## Your assignment
If a line of the data below contains the string "Units", count it, then state the total alone.

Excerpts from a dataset
⟨

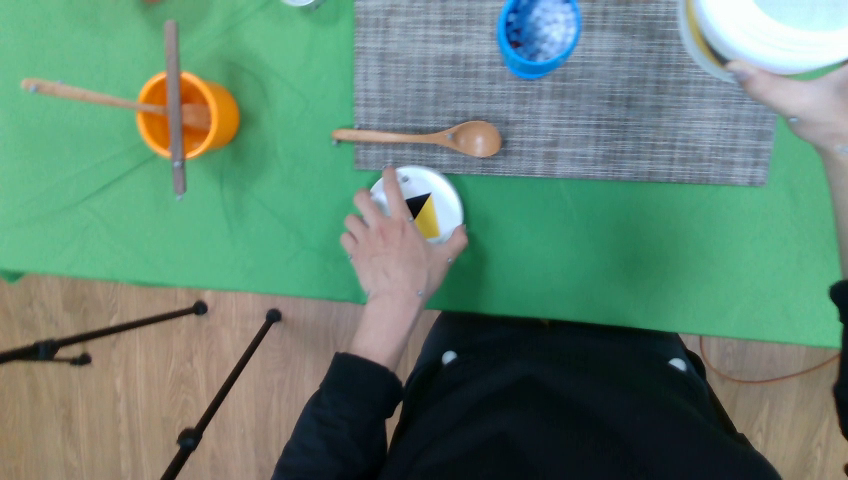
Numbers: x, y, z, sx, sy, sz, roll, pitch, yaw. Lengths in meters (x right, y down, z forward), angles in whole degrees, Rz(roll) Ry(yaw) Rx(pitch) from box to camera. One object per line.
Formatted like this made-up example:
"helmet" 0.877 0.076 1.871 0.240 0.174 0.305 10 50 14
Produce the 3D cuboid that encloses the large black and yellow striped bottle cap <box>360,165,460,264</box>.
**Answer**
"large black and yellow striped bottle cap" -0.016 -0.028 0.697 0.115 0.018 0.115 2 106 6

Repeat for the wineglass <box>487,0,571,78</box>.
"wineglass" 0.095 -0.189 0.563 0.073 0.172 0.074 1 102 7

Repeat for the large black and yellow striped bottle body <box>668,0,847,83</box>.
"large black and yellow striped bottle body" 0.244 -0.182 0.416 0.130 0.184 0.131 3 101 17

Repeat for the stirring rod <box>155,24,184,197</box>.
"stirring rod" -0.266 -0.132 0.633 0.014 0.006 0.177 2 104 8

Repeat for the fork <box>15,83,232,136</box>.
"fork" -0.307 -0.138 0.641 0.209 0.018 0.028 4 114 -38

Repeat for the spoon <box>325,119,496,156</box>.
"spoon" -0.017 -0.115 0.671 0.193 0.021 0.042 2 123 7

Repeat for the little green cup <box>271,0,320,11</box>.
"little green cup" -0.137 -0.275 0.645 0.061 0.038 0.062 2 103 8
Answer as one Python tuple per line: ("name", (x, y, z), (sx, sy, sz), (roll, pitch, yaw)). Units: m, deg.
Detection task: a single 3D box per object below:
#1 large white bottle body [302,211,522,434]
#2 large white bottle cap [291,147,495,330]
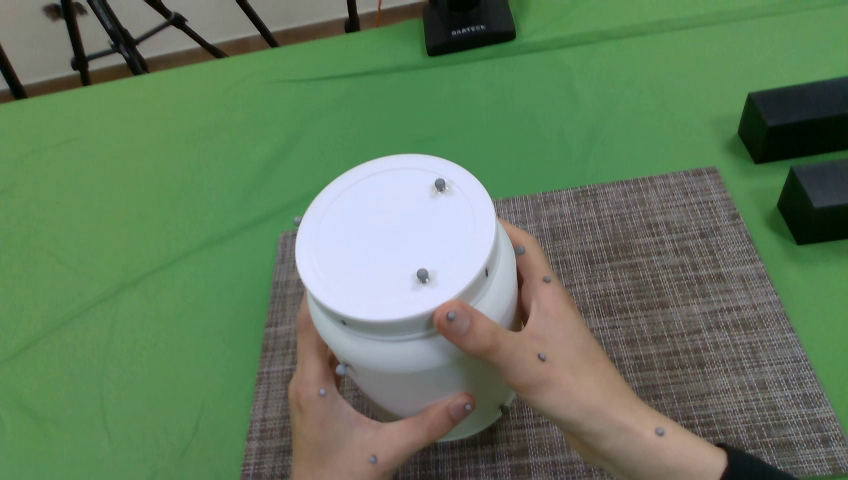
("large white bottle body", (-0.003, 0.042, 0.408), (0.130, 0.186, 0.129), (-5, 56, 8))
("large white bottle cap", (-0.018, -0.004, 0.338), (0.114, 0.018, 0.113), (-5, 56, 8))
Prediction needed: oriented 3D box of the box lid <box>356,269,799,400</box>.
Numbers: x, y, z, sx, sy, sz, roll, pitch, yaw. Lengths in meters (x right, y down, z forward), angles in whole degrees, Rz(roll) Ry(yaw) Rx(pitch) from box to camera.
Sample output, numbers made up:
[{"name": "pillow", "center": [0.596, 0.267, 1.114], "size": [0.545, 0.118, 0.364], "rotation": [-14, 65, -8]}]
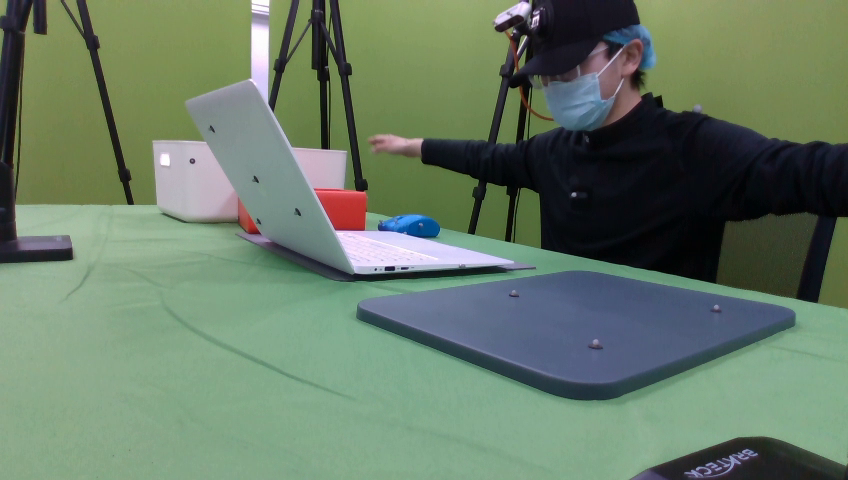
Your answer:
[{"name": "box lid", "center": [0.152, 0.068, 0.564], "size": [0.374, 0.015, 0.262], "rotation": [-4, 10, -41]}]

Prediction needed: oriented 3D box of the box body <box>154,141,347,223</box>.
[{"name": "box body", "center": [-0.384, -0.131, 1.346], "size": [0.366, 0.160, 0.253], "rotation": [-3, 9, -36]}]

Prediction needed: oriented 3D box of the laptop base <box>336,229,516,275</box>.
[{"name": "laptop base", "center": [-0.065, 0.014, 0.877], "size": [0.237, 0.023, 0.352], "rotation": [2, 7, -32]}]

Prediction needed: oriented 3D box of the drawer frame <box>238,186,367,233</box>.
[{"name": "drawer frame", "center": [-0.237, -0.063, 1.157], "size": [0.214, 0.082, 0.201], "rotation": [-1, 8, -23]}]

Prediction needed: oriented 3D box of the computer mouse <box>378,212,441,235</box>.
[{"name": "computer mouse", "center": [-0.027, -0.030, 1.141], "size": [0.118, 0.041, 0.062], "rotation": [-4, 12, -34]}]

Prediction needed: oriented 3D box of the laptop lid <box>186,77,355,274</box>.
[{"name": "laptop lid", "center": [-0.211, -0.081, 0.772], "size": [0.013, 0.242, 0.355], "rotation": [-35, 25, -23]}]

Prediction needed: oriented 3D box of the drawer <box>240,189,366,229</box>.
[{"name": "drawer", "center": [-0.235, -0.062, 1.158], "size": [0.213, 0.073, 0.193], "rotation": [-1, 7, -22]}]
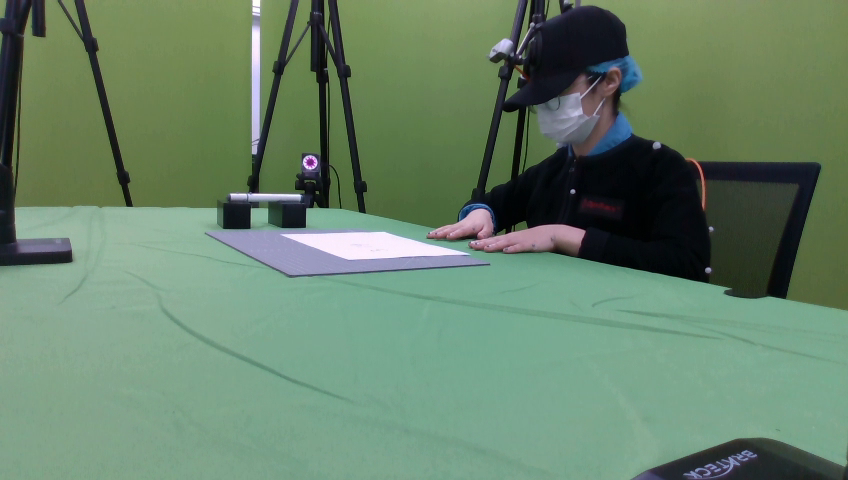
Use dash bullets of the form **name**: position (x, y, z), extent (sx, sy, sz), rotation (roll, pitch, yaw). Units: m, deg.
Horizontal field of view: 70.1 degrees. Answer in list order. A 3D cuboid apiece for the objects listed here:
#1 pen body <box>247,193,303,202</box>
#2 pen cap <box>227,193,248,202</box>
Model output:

⟩

## Response
2